Здесь жили, выживали люди, по природе такие же, как он и Антонио. Физически они жили в одном мире, но мало кто из рабочих, наверное, мог хотя бы в общих чертах описать устройство арифмометра, вероятнее, мало кто знал даже что такое арифметика и для чего она нужна. Моцарт смущённо отвёл взгляд от растрёпанной девушки лёгкого поведения, демонстрирующей ему подвязку на ноге. Он не мог ей помочь, и ему было за это стыдно. И тошно было отчего-то, непринятие охватывало. Слишком много в этом мире было противоречивого. Как, наверное, и в любом мире…
— Поезжай вдоль железной дороги и поверни направо после мостика, — прокричал Моцарт Антонио, высунув голову в окно. — Большое здание с куполом и есть моя мастерская.
— Ну и выбрал ты местечко, — донеслось ему в ответ. — Как ты вообще живым досюда доходил?
— Спокойно доходил, — мрачно отозвался Моцарт. — Иногда ноги в лужах мокли и всё. Многие знают, что я работаю в их районе и не трогают меня. А вот как вы с Гассманом оказались здесь, да ещё и ночью?
— Мы увидели того подозрительного мужчину не в этом районе, а ближе к центру, — видимо, он успел прокатиться с тобой по городу, — объяснил Антонио. — Это твоё здание?
— Да! — вскрикнул Моцарт, едва не выпрыгивая из машины. От нетерпения даже руки задрожали, он крепко сжал в кулаке ключик — не потерялся. Машина притормозила, и Вольфганг спрыгнул на камни, не опуская лестницы. Подбежал к двери, та была закрыта — неужели незадачливый похититель обеспокоился, чтобы закрыть дверь, трогательно конечно. Антонио приглушил двигатель, подошёл.
— Вот и моя святая святых, — гордо сказал Моцарт, отворяя дверь. Вопреки его худшим опасениям мастерская не была разрушена сверху донизу.
— Осматривайся, — на правах хозяина окинул пространство рукой Моцарт. — Мне нужно взять одно моё изобретение, не хочу оставлять его в это месте.
Пока Антонио с любопытством разглядывал чертежи механических птиц, Моцарт на ватных ногах бежал к своему тайнику. Он остановился, боясь даже глядеть на стену. Но замотивировав себя тем, что взглянуть все равно придётся, и лучше рано начать поиски похищенного, чем поздно, он взглянул. И не сдержал стона, облегчённого — стена была целой, тайник был нетронут. Хоть что-то справедливое есть в этом мире.
Шкатулка тоже была на месте, он прижал её к груди, с той же бережностью и любовью, с который, он был уверен, матери прижимают младенцев. Стоило ли открывать её? Моцарт с минуту стоял в смятении, но любопытство узнать, всё ли в порядке с изобретением пересилило, и он решился открыть её хотя бы ненадолго. Привычный свет заструился, но мелодия была тревожной. Моцарт пригляделся, и сначала не поверил глазам, а потом опустил шкатулку на стол. Проверил ещё раз, не кажется ли ему. Мир закружился, Моцарт словно оказался в тумане, а потом его затошнило. Он проверял и проверял, не кажется ли ему, но всё было настоящим. И прежде мучающая его слабость не позволяла закричать.
Совершенная модель была целой и невредимой, на месте был даже кристалл. Но между планетами лежал локон тёмных волос, знакомый ему перстень с изображением пера, и записка.
«Если хотите увидеть своего друга живым, приходите один с этим изобретением к памятнику Элиопила и следуйте всем нашим указаниям. В противном случае, вы будете доставлены туда, где должны быть, против своей воли, а ваш друг вслед за локоном и перстнем лишится кое-чего более жизненно важного».

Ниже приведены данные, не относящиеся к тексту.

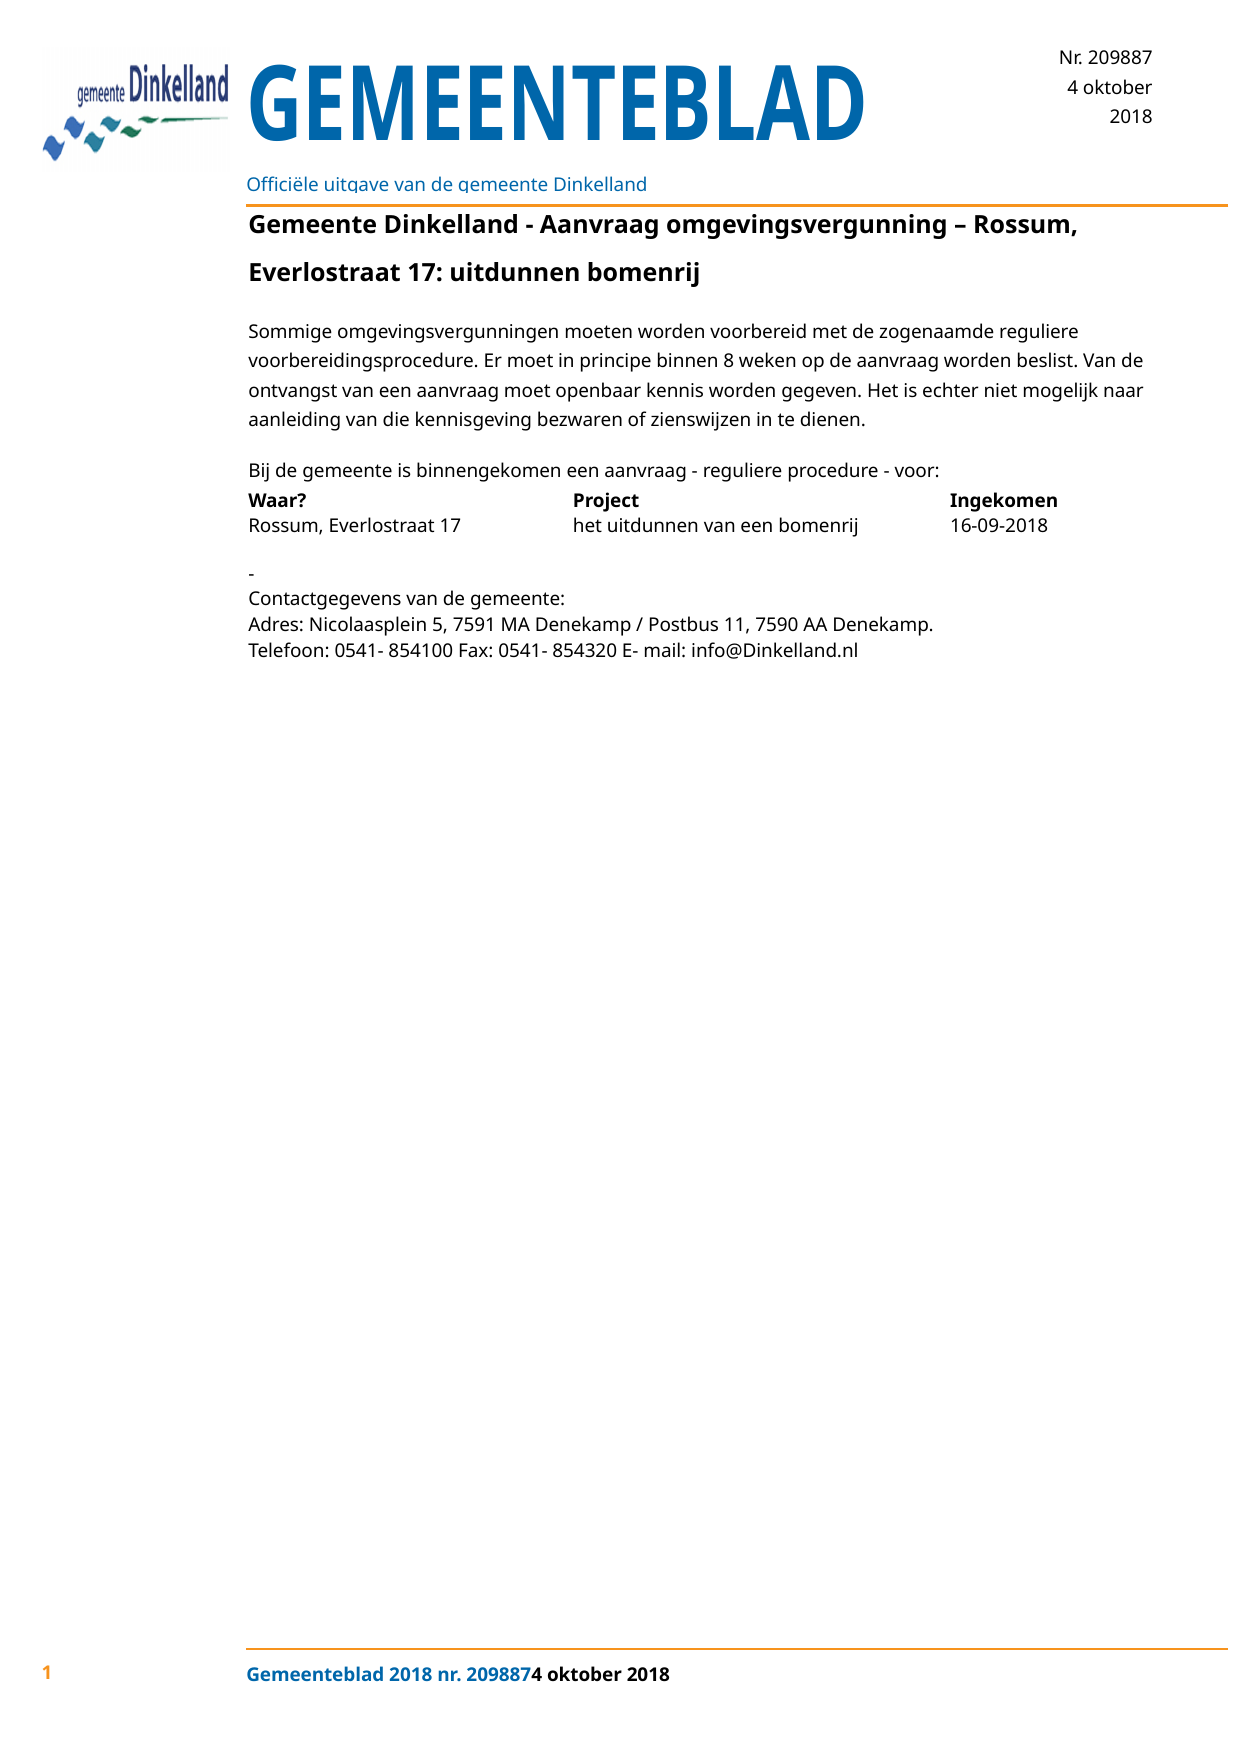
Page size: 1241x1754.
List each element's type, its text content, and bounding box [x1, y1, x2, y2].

table_cell 16-09-2018 [950, 513, 1152, 538]
table_cell het uitdunnen van een bomenrij [573, 513, 950, 538]
text Sommige omgevingsvergunningen moeten worden voorbereid met de zogenaamde reguliere voorbereidingsprocedure. Er moet in principe binnen 8 weken op de aanvraag worden beslist. Van de ontvangst van een aanvraag moet openbaar kennis worden gegeven. Het is echter niet mogelijk naar aanleiding van die kennisgeving bezwaren of zienswijzen in te dienen. [248, 318, 1152, 432]
picture [41, 47, 231, 172]
text Gemeente Dinkelland - Aanvraag omgevingsvergunning – Rossum, Everlostraat 17: uitdunnen bomenrij [248, 207, 1152, 288]
text Adres: Nicolaasplein 5, 7591 MA Denekamp / Postbus 11, 7590 AA Denekamp. [248, 611, 1152, 637]
table_header Waar? [248, 487, 573, 512]
table_header Project [573, 487, 950, 512]
table_header Ingekomen [950, 487, 1152, 512]
table_cell Rossum, Everlostraat 17 [248, 513, 573, 538]
text - [248, 560, 1152, 585]
text Bij de gemeente is binnengekomen een aanvraag - reguliere procedure - voor: [248, 457, 1152, 483]
text Telefoon: 0541- 854100 Fax: 0541- 854320 E- mail: info@Dinkelland.nl [248, 637, 1152, 663]
text Contactgegevens van de gemeente: [248, 585, 1152, 611]
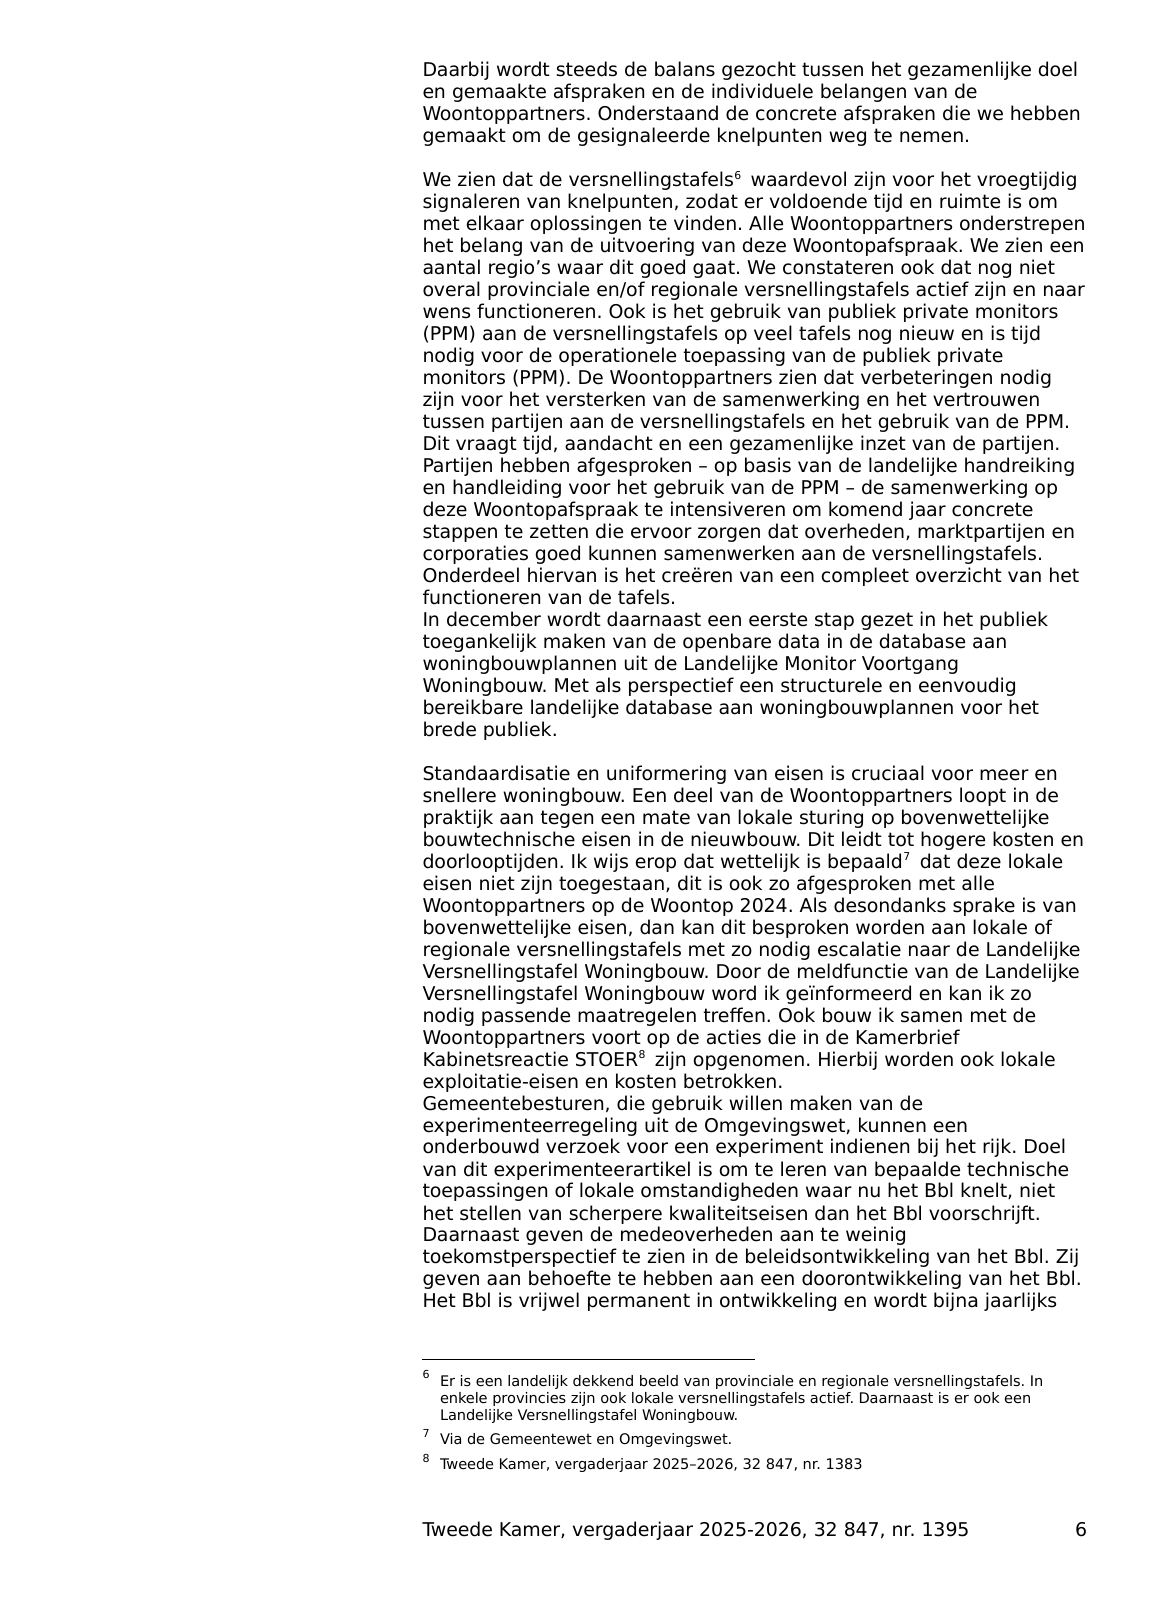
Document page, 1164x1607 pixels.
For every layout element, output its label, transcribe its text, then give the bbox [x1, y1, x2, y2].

text Standaardisatie en uniformering van eisen is cruciaal voor meer en snellere woningbouw. Een deel van de Woontoppartners loopt in de praktijk aan tegen een mate van lokale sturing op bovenwettelijke bouwtechnische eisen in de nieuwbouw. Dit leidt tot hogere kosten en doorlooptijden. Ik wijs erop dat wettelijk is bepaald dat deze lokale eisen niet zijn toegestaan, dit is ook zo afgesproken met alle Woontoppartners op de Woontop 2024. Als desondanks sprake is van bovenwettelijke eisen, dan kan dit besproken worden aan lokale of regionale versnellingstafels met zo nodig escalatie naar de Landelijke Versnellingstafel Woningbouw. Door de meldfunctie van de Landelijke Versnellingstafel Woningbouw word ik geïnformeerd en kan ik zo nodig passende maatregelen treffen. Ook bouw ik samen met de Woontoppartners voort op de acties die in de Kamerbrief Kabinetsreactie STOER zijn opgenomen. Hierbij worden ook lokale exploitatie-eisen en kosten betrokken. [422, 763, 1087, 1092]
text In december wordt daarnaast een eerste stap gezet in het publiek toegankelijk maken van de openbare data in de database aan woningbouwplannen uit de Landelijke Monitor Voortgang Woningbouw. Met als perspectief een structurele en eenvoudig bereikbare landelijke database aan woningbouwplannen voor het brede publiek. [422, 609, 1087, 741]
text Er is een landelijk dekkend beeld van provinciale en regionale versnellingstafels. In enkele provincies zijn ook lokale versnellingstafels actief. Daarnaast is er ook een Landelijke Versnellingstafel Woningbouw. [422, 1368, 1087, 1424]
text Daarnaast geven de medeoverheden aan te weinig toekomstperspectief te zien in de beleidsontwikkeling van het Bbl. Zij geven aan behoefte te hebben aan een doorontwikkeling van het Bbl. Het Bbl is vrijwel permanent in ontwikkeling en wordt bijna jaarlijks [422, 1224, 1087, 1312]
text Via de Gemeentewet en Omgevingswet. [422, 1427, 1087, 1449]
text Daarbij wordt steeds de balans gezocht tussen het gezamenlijke doel en gemaakte afspraken en de individuele belangen van de Woontoppartners. Onderstaand de concrete afspraken die we hebben gemaakt om de gesignaleerde knelpunten weg te nemen. [422, 59, 1087, 147]
text Gemeentebesturen, die gebruik willen maken van de experimenteerregeling uit de Omgevingswet, kunnen een onderbouwd verzoek voor een experiment indienen bij het rijk. Doel van dit experimenteerartikel is om te leren van bepaalde technische toepassingen of lokale omstandigheden waar nu het Bbl knelt, niet het stellen van scherpere kwaliteitseisen dan het Bbl voorschrijft. [422, 1092, 1087, 1224]
text We zien dat de versnellingstafels waardevol zijn voor het vroegtijdig signaleren van knelpunten, zodat er voldoende tijd en ruimte is om met elkaar oplossingen te vinden. Alle Woontoppartners onderstrepen het belang van de uitvoering van deze Woontopafspraak. We zien een aantal regio’s waar dit goed gaat. We constateren ook dat nog niet overal provinciale en/of regionale versnellingstafels actief zijn en naar wens functioneren. Ook is het gebruik van publiek private monitors (PPM) aan de versnellingstafels op veel tafels nog nieuw en is tijd nodig voor de operationele toepassing van de publiek private monitors (PPM). De Woontoppartners zien dat verbeteringen nodig zijn voor het versterken van de samenwerking en het vertrouwen tussen partijen aan de versnellingstafels en het gebruik van de PPM. Dit vraagt tijd, aandacht en een gezamenlijke inzet van de partijen. Partijen hebben afgesproken – op basis van de landelijke handreiking en handleiding voor het gebruik van de PPM – de samenwerking op deze Woontopafspraak te intensiveren om komend jaar concrete stappen te zetten die ervoor zorgen dat overheden, marktpartijen en corporaties goed kunnen samenwerken aan de versnellingstafels. Onderdeel hiervan is het creëren van een compleet overzicht van het functioneren van de tafels. [422, 169, 1087, 609]
text Tweede Kamer, vergaderjaar 2025–2026, 32 847, nr. 1383 [422, 1452, 1087, 1474]

— Антонио, — подошёл Моцарт, спустя пару мучительных минут борьбы с обмороком, - Мне нужна твоя помощь.
— Что ты подаёшь мне? О Боже, это...
— Это шантаж чистой воды. Но мне очень страшно. Нам нужно немедленно ехать к Лоренцо и узнать, как он!
голос сорвался. Вольфганг уже едва сдерживался от всплеска эмоций, который мог бы вылиться и слезами, и криком. Молча он уткнулся в плечо Сальери и судорожно вздохнул.
Антонио обнял его, дрожащего с ног до головы и легко поцеловал в макушку.
— Не будем медлить, уходим отсюда. Я буду с тобой и помогу со всем справиться... Чего бы мне это ни стоило.
Моцарт только мысленно взмолился, чтобы это не стоило ничего больше времени.